[Opening Source information section]
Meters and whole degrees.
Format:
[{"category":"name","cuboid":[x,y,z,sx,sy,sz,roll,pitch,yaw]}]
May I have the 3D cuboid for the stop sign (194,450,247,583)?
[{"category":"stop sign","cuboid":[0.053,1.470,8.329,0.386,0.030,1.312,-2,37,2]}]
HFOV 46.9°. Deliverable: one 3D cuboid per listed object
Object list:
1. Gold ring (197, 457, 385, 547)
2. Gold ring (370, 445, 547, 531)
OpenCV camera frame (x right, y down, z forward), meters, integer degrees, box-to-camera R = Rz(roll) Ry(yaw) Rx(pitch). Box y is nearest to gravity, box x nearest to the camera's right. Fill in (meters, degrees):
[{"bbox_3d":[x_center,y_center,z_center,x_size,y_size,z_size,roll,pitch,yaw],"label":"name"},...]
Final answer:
[Closing Source information section]
[Opening Source information section]
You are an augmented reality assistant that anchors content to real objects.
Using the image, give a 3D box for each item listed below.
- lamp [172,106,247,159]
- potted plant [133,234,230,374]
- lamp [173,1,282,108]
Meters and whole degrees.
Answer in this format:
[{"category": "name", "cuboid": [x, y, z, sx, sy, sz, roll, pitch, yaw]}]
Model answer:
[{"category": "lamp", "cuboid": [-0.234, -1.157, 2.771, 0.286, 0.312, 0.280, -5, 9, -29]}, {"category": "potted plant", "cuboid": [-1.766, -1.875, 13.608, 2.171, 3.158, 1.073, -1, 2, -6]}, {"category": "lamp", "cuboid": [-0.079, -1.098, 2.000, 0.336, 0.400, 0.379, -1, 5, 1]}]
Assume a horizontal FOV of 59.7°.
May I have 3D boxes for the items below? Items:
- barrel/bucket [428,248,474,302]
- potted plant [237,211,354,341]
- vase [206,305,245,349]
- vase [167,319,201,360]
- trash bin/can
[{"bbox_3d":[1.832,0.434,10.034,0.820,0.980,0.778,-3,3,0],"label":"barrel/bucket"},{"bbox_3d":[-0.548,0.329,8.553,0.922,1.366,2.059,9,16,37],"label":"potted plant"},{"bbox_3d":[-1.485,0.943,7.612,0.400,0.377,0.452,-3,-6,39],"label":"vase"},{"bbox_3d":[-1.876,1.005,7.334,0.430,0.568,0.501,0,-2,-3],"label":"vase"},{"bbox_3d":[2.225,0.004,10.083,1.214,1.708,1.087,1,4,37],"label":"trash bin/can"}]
[Closing Source information section]
[What to produce]
Respond with nothing but the number of lines in the entries that contain the string "listed".

[Output for this task]
2